**THE PROBLEM:**
In the data below, the answer is the run of lines from the line containing "blk = doc.blocks.new('*D21')" through the line containing "blk.add_point(p, dxfattribs=at)", both included; print it exactly and nothing else.

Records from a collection

Segment Open

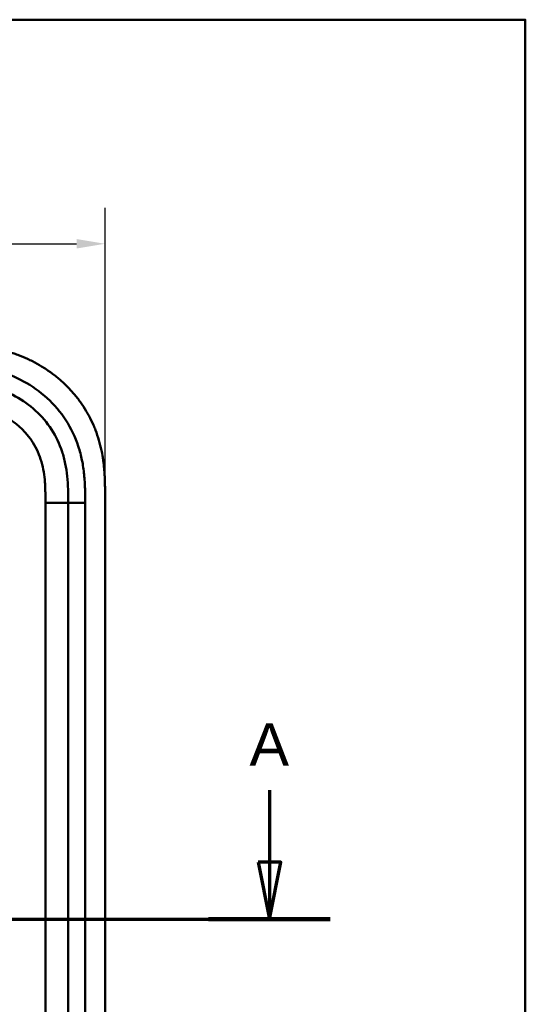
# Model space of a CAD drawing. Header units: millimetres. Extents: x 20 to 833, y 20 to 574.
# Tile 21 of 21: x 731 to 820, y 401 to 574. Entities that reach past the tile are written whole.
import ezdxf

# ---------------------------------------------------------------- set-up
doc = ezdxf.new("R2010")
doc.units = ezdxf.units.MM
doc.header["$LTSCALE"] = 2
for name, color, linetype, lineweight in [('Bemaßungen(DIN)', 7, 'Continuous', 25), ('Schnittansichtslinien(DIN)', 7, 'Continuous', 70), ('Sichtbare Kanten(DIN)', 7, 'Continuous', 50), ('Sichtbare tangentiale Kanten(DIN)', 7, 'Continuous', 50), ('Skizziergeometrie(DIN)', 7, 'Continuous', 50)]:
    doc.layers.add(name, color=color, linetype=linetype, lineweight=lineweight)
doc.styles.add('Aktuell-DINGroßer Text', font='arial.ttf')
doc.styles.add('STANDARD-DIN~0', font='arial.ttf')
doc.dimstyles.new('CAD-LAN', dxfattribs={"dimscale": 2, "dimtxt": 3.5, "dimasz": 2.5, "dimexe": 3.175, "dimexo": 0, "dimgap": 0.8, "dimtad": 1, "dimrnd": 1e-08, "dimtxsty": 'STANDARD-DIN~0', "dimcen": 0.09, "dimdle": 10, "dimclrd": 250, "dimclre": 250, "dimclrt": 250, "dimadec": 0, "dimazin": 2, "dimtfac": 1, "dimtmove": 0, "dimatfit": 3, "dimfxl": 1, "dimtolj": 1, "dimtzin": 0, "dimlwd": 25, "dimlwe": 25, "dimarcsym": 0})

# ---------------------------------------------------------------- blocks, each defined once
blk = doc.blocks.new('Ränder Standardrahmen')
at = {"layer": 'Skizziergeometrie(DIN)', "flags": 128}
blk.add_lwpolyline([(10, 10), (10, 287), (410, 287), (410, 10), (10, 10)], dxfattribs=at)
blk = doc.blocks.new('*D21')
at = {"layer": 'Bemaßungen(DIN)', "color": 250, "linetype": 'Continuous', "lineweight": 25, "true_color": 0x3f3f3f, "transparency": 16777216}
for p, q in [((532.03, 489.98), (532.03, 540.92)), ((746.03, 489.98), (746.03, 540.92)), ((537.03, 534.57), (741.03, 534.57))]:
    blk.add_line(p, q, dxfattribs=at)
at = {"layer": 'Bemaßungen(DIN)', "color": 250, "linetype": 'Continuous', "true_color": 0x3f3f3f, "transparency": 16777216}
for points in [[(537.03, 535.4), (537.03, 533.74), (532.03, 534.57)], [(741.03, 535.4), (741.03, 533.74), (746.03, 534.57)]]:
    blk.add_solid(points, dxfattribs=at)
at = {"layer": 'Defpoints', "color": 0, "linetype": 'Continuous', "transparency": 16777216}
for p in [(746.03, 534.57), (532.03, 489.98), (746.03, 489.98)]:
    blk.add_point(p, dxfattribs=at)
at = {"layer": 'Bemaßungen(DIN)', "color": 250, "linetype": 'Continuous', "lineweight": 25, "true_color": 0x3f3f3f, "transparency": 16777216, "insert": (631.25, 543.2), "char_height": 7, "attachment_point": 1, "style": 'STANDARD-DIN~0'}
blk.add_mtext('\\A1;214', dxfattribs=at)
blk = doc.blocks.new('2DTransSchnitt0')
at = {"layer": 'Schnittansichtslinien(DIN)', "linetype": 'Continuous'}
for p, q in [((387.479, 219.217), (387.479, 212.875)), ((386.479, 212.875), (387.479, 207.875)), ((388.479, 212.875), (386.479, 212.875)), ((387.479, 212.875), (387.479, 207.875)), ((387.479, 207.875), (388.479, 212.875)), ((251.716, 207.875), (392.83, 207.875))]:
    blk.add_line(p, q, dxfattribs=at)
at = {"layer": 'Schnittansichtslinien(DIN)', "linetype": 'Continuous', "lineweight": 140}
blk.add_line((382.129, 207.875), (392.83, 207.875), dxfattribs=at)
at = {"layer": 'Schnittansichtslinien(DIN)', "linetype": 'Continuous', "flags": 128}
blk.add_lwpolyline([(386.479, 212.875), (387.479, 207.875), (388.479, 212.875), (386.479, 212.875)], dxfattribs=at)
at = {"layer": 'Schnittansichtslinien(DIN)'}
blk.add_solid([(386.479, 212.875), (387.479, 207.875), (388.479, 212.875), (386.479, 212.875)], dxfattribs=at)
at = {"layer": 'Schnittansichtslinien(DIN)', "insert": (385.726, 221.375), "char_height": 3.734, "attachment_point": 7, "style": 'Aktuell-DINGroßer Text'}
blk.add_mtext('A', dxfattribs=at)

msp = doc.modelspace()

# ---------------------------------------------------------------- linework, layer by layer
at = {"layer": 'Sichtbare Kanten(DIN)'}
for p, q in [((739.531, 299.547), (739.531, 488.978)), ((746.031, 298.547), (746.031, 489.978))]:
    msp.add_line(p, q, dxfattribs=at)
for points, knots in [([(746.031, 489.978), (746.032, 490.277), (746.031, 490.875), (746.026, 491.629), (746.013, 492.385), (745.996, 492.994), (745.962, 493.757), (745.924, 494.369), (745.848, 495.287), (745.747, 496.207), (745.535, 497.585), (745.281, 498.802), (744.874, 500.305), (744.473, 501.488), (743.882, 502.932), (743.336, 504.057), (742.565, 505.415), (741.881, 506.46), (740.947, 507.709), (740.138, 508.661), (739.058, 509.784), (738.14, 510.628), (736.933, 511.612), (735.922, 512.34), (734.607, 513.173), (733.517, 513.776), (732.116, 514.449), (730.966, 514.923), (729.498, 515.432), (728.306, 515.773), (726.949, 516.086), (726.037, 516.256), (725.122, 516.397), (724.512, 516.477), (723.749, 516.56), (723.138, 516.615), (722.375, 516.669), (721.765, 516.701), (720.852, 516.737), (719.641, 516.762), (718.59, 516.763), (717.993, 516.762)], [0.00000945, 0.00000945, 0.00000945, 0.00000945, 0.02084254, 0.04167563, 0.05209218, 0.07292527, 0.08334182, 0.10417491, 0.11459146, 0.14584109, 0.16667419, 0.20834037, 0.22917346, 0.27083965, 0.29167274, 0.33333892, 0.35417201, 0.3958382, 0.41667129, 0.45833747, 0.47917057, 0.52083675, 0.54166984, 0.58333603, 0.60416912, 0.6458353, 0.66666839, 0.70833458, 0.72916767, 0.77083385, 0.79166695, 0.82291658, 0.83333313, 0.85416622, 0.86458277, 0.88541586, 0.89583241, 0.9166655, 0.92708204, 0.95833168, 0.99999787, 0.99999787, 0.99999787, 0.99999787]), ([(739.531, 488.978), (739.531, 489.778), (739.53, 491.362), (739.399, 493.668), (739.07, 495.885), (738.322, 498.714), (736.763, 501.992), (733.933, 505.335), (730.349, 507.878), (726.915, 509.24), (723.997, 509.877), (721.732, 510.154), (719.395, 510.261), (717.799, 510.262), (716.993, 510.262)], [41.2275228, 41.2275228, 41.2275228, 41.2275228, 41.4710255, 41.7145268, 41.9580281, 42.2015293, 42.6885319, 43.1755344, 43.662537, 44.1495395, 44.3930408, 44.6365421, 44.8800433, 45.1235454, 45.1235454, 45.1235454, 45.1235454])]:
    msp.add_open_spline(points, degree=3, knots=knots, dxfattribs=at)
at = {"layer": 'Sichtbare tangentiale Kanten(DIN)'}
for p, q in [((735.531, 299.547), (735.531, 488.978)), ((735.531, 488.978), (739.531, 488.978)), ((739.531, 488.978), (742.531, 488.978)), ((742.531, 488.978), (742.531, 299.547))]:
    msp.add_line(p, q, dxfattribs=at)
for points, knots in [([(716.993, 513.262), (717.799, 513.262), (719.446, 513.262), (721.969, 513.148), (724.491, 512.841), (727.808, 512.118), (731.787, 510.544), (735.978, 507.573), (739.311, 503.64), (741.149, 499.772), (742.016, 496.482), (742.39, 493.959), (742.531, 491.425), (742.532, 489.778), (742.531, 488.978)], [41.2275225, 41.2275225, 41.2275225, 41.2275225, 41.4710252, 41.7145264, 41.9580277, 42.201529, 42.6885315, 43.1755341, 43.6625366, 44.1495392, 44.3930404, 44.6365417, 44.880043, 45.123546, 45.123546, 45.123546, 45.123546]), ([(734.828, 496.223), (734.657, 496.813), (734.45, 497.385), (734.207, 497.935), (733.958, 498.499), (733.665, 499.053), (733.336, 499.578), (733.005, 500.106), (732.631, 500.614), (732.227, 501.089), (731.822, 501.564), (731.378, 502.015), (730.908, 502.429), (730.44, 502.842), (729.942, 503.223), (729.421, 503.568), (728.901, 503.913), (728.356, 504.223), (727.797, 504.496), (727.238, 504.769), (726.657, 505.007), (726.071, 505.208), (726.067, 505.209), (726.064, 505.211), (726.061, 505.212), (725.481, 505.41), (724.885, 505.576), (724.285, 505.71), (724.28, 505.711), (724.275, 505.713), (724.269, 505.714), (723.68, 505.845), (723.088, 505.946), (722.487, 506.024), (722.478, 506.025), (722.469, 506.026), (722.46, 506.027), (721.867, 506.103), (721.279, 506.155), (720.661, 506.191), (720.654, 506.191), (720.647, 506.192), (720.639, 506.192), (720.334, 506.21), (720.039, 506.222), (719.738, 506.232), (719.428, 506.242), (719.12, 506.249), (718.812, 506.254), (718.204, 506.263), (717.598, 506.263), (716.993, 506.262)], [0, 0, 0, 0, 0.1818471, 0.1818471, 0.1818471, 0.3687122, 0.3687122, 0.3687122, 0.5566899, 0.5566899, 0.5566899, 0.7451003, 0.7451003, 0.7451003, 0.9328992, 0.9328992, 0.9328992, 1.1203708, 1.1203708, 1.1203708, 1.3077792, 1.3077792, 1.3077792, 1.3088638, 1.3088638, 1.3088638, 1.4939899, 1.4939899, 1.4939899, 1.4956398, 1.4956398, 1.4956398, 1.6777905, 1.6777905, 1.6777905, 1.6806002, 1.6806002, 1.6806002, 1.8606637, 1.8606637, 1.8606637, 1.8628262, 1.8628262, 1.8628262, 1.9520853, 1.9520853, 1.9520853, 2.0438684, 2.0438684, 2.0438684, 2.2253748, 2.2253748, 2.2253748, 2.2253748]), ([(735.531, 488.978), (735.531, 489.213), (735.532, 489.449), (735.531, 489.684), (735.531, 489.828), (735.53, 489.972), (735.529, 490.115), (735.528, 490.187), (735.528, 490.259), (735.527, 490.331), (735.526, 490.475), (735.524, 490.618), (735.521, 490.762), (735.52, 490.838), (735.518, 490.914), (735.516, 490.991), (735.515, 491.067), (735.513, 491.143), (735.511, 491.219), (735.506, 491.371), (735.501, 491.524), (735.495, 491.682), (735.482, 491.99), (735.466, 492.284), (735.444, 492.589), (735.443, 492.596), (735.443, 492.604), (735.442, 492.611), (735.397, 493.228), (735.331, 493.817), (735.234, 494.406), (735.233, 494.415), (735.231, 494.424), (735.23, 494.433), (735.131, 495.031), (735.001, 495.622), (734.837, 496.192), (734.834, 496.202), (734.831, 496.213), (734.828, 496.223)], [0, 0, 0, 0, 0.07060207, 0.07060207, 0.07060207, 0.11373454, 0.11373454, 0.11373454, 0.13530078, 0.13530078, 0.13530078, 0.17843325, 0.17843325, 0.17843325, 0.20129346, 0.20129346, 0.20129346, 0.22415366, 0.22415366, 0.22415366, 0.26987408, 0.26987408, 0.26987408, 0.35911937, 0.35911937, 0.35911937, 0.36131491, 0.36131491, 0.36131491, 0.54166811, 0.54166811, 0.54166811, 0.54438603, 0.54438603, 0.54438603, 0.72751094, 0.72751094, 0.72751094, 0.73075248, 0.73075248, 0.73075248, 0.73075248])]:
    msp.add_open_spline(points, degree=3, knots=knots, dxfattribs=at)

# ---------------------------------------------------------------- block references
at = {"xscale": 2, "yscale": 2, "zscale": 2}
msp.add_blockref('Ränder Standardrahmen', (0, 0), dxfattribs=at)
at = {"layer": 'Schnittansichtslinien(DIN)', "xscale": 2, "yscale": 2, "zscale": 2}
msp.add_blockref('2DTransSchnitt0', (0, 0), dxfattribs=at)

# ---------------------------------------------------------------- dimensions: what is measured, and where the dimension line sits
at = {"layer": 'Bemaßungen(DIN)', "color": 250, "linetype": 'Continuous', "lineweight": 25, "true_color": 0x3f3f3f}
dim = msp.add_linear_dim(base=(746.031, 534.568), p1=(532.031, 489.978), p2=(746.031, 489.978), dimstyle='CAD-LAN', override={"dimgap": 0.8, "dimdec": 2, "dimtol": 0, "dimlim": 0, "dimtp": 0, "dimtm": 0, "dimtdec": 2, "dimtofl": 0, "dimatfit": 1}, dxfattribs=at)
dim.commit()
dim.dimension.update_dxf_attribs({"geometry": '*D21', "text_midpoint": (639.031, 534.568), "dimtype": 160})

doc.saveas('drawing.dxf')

Segment Closed

**SOLUTION FOR THIS PROBLEM:**
blk = doc.blocks.new('*D21')
at = {"layer": 'Bemaßungen(DIN)', "color": 250, "linetype": 'Continuous', "lineweight": 25, "true_color": 0x3f3f3f, "transparency": 16777216}
for p, q in [((532.03, 489.98), (532.03, 540.92)), ((746.03, 489.98), (746.03, 540.92)), ((537.03, 534.57), (741.03, 534.57))]:
    blk.add_line(p, q, dxfattribs=at)
at = {"layer": 'Bemaßungen(DIN)', "color": 250, "linetype": 'Continuous', "true_color": 0x3f3f3f, "transparency": 16777216}
for points in [[(537.03, 535.4), (537.03, 533.74), (532.03, 534.57)], [(741.03, 535.4), (741.03, 533.74), (746.03, 534.57)]]:
    blk.add_solid(points, dxfattribs=at)
at = {"layer": 'Defpoints', "color": 0, "linetype": 'Continuous', "transparency": 16777216}
for p in [(746.03, 534.57), (532.03, 489.98), (746.03, 489.98)]:
    blk.add_point(p, dxfattribs=at)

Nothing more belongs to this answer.